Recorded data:
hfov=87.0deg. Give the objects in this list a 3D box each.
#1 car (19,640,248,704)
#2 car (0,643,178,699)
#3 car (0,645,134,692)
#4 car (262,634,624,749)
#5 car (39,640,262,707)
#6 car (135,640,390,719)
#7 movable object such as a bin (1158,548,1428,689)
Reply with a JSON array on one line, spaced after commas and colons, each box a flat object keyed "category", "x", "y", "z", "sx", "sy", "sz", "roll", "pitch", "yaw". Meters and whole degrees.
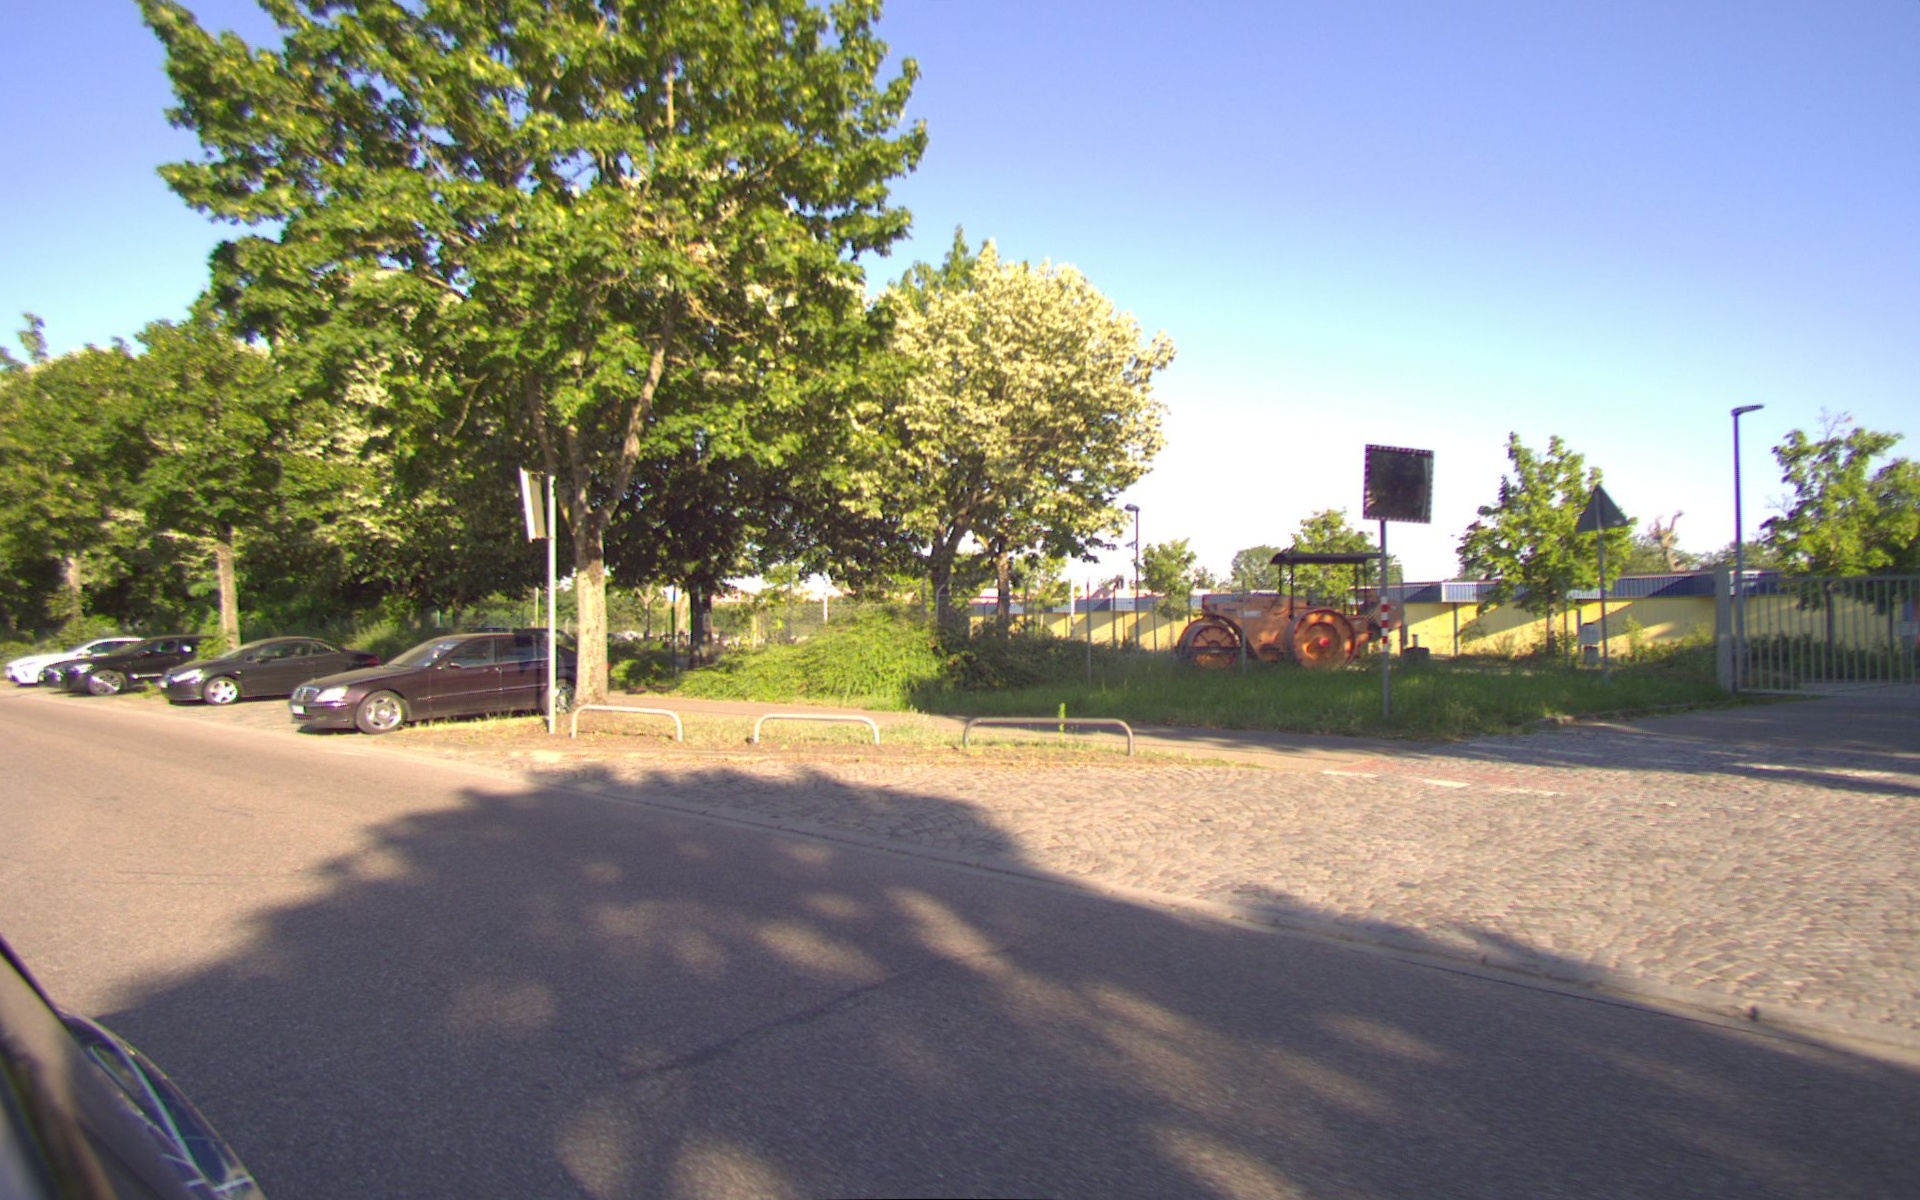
[{"category": "car", "x": -23.865, "y": 2.020, "z": 29.425, "sx": 1.995, "sy": 1.542, "sz": 4.809, "roll": -2, "pitch": -1, "yaw": 34}, {"category": "car", "x": -27.997, "y": 2.220, "z": 32.478, "sx": 1.997, "sy": 1.542, "sz": 4.245, "roll": -2, "pitch": -1, "yaw": 38}, {"category": "car", "x": -32.507, "y": 2.412, "z": 35.945, "sx": 1.912, "sy": 1.432, "sz": 4.609, "roll": -2, "pitch": -1, "yaw": 35}, {"category": "car", "x": -8.320, "y": 1.370, "z": 16.769, "sx": 1.997, "sy": 1.473, "sz": 4.988, "roll": -2, "pitch": -1, "yaw": 37}, {"category": "car", "x": -22.034, "y": 1.936, "z": 27.701, "sx": 1.997, "sy": 1.542, "sz": 4.438, "roll": -2, "pitch": -1, "yaw": 37}, {"category": "car", "x": -15.881, "y": 1.734, "z": 23.243, "sx": 1.997, "sy": 1.473, "sz": 4.438, "roll": -2, "pitch": -1, "yaw": 37}, {"category": "movable object such as a bin", "x": 6.616, "y": 0.407, "z": 20.602, "sx": 4.740, "sy": 2.685, "sz": 2.163, "roll": 0, "pitch": -3, "yaw": 2}]

> **WORK ITEM**
Only the lines from the start of the data to the line holding "#7 movable object" are wanted; return them exactly, both ends included.

> **TASK OUTPUT**
hfov=87.0deg. Give the objects in this list a 3D box each.
#1 car (19,640,248,704)
#2 car (0,643,178,699)
#3 car (0,645,134,692)
#4 car (262,634,624,749)
#5 car (39,640,262,707)
#6 car (135,640,390,719)
#7 movable object such as a bin (1158,548,1428,689)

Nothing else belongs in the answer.